▶ [Task goal]
For this exercise, transcribe all the entries exactly as given and omit the images.

[Stored items from a collection]
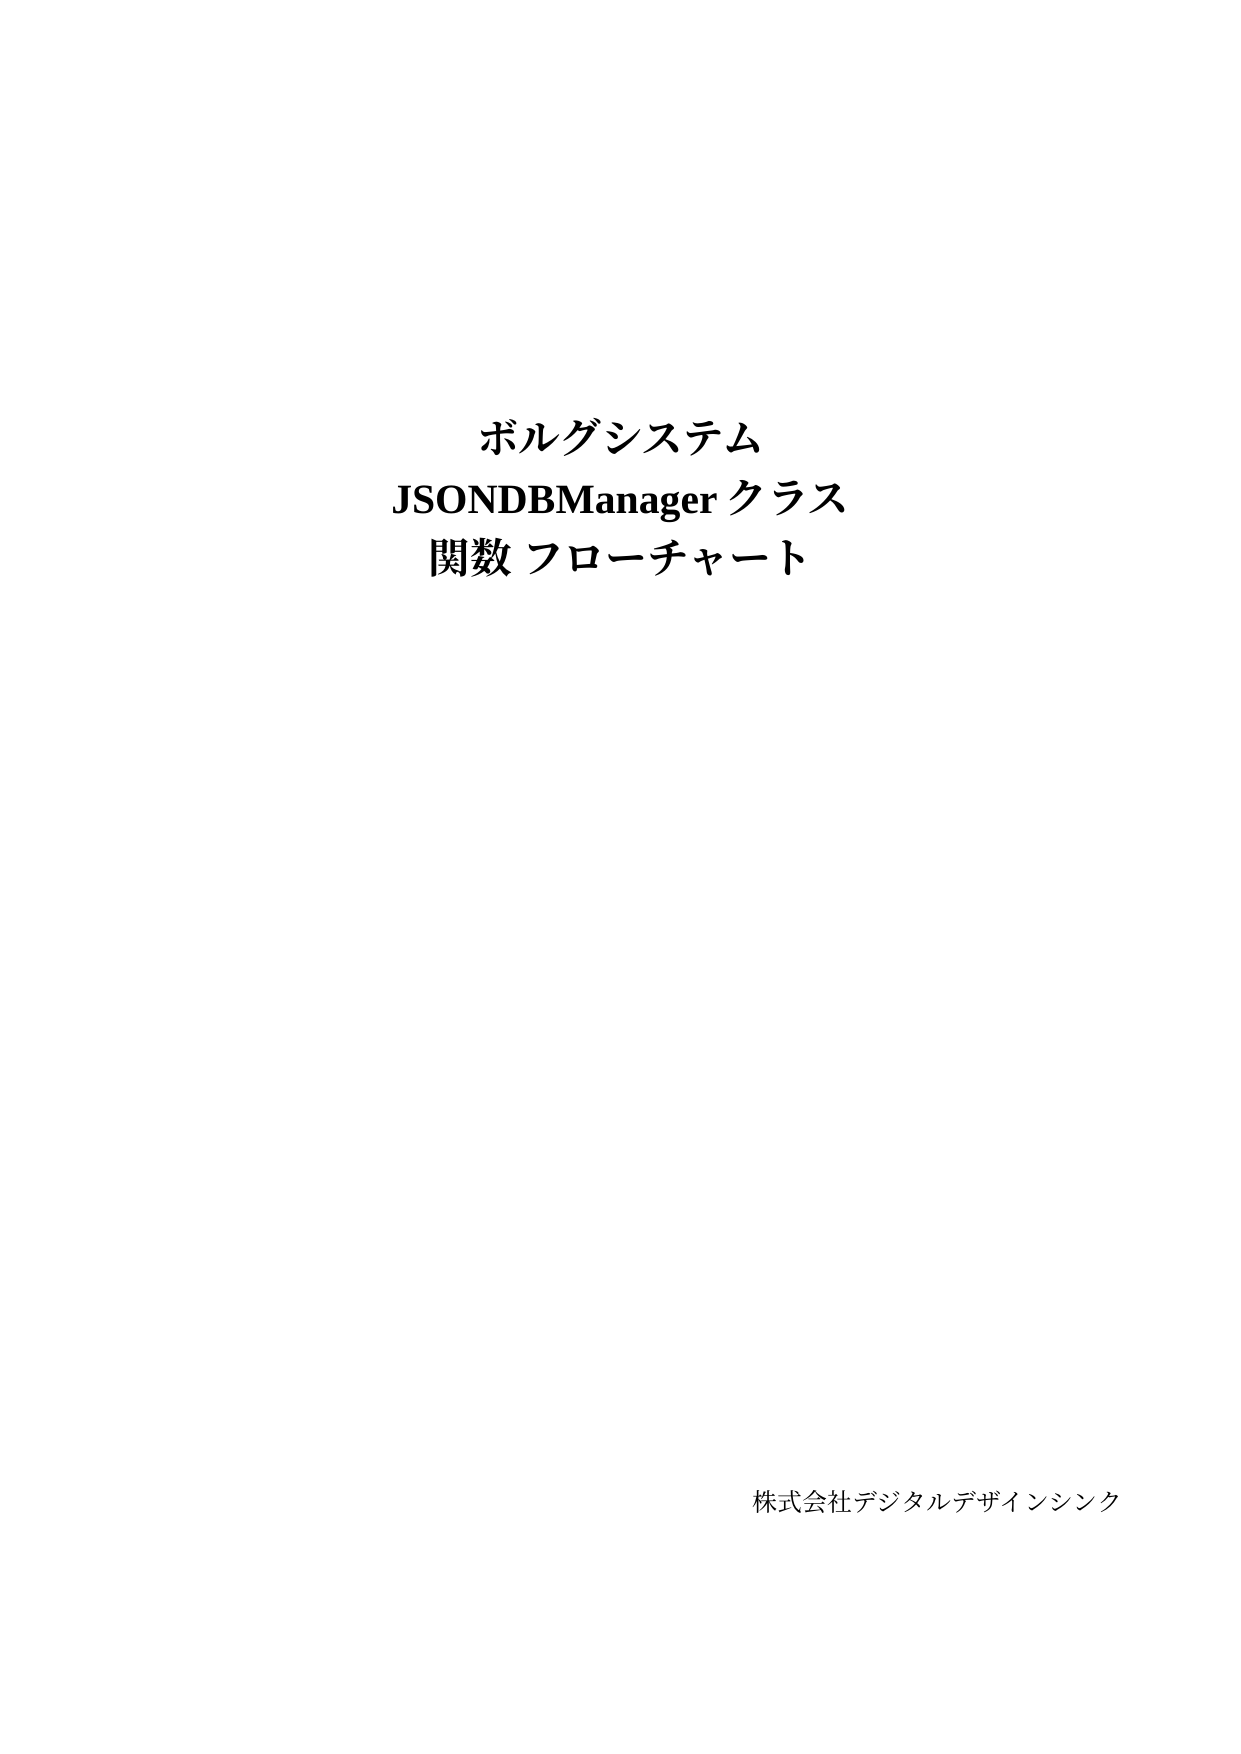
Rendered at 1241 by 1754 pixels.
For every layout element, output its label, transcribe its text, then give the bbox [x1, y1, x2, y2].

text 関数 フローチャート [118, 525, 1122, 585]
text ボルグシステム [118, 406, 1122, 466]
text 株式会社デジタルデザインシンク [118, 1483, 1122, 1519]
text JSONDBManagerクラス [118, 466, 1122, 525]

▶ [Answer space]
Rendered at 1241 by 1754 pixels.
For every layout element, output its label, transcribe its text, then give the bbox [x1, y1, x2, y2].

text 関数 フローチャート [118, 525, 1122, 585]
text ボルグシステム [118, 406, 1122, 466]
text 株式会社デジタルデザインシンク [118, 1483, 1122, 1519]
text JSONDBManagerクラス [118, 466, 1122, 525]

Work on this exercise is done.